A Perfect Frenzy
I used to dream of wildflowers…
They grew everywhere in the beginning.
Even the weeds were beautiful
Needing nothing but love and care.
You sang about wildflowers then,
In messages and on paper…
Never aloud…I realize now, that was the trick.
Probably why it just didn’t stick.
I fell into your arms, sure,
That you would enjoy the beautiful blooms
For the rest of my life.
Even if it meant uprooting my flowers and
Relocating them to a new garden…
I was sure we would all endure.
But alas, time changes everyone, it seems,
Even me, even you, even them.
Soon the wildflowers were abundant
Too overgrown for your pseudo sparkling world.
Leaving their droppings far and wide
It was too much for you to wake up with petals hiding your feathers
You began weeding, and watering, and snipping things that used to be beautiful
Until your turned them into something, bitter.

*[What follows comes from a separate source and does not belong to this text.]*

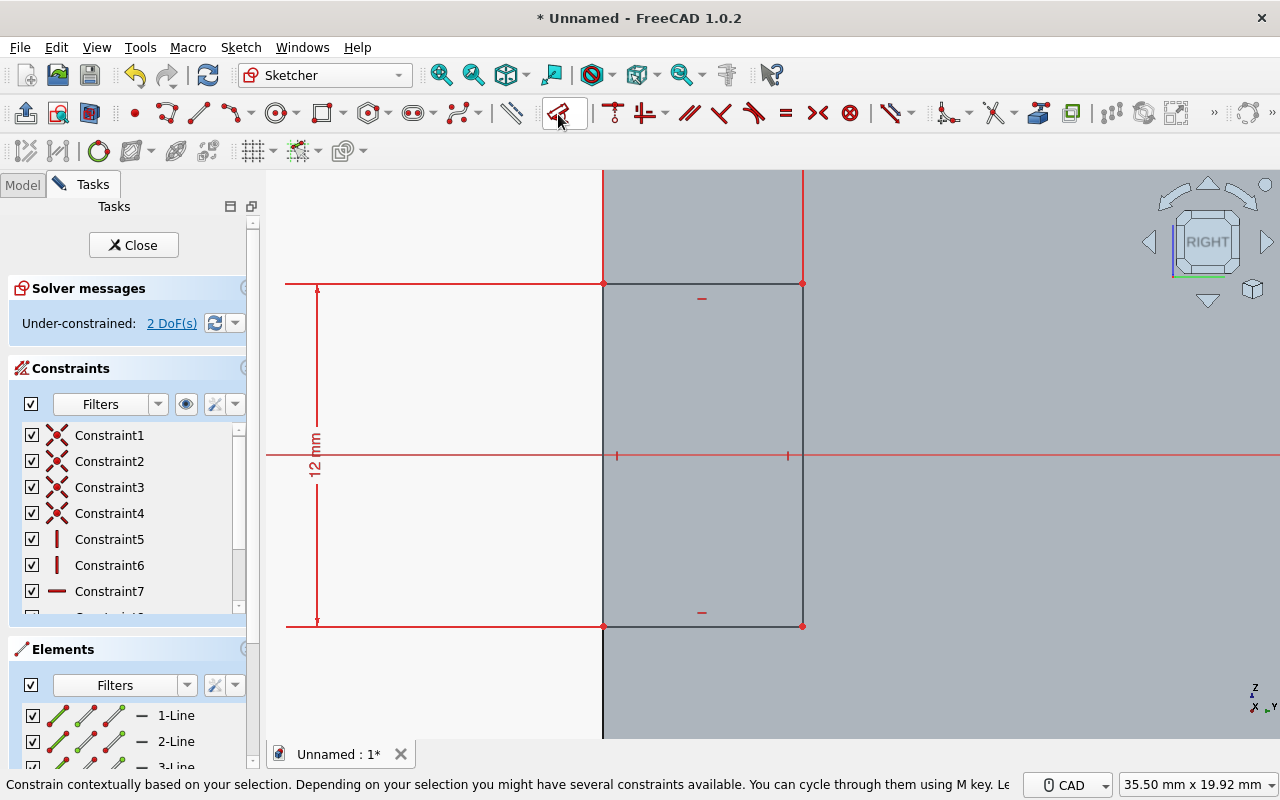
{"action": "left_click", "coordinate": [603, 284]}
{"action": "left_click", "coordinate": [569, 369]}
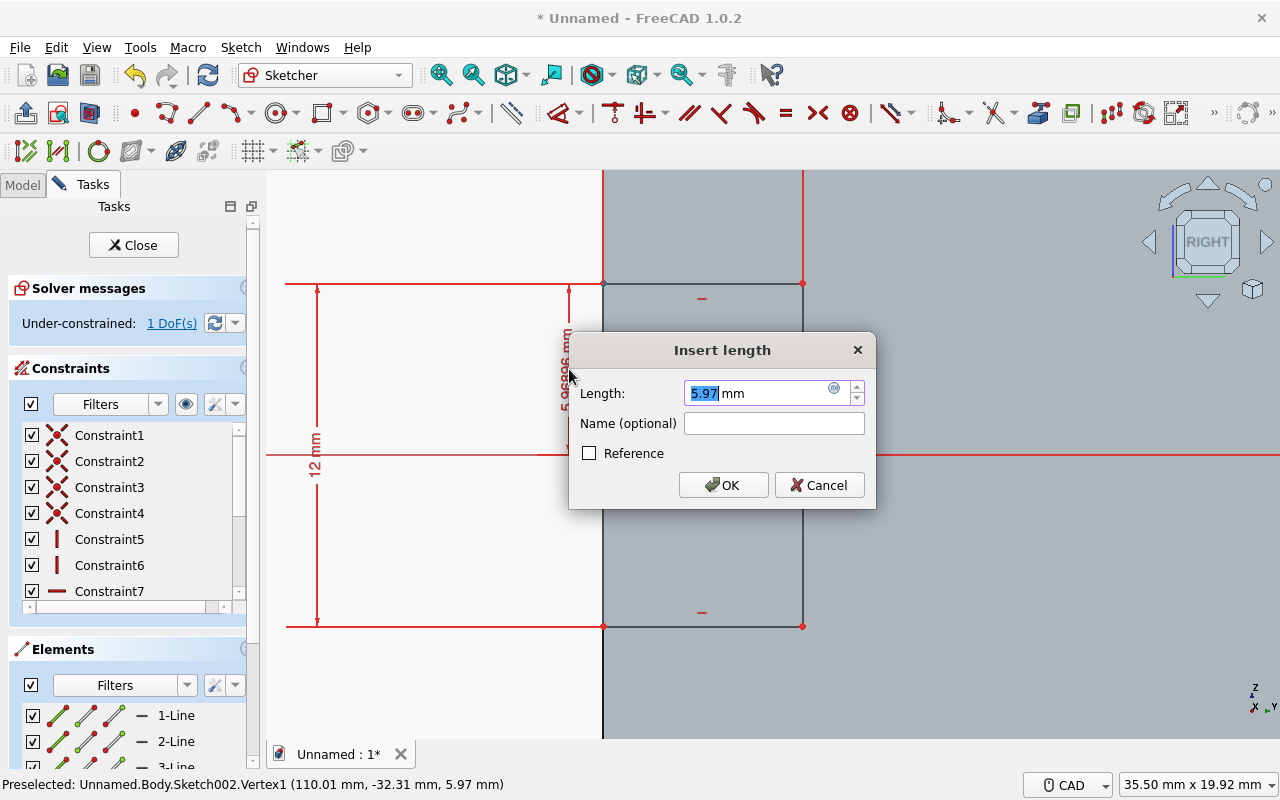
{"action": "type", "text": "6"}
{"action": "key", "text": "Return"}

You wanted them to be just right
Wildflowers aren’t known to be perfect.
That is why they are not called hedges.
I now live inside a garden.
A perfect frenzy.
The cosmos and the marigolds mingle silently without any fuss.
The Roses even enjoy the pumpkin vines and you can see it in their grin.
In this garden, footpaths are littered with chamomile and glitter
When you stroll over it, the scent floats up
Up into the very part of me that believed I should change
So I would be loved and not eaten by a vulture.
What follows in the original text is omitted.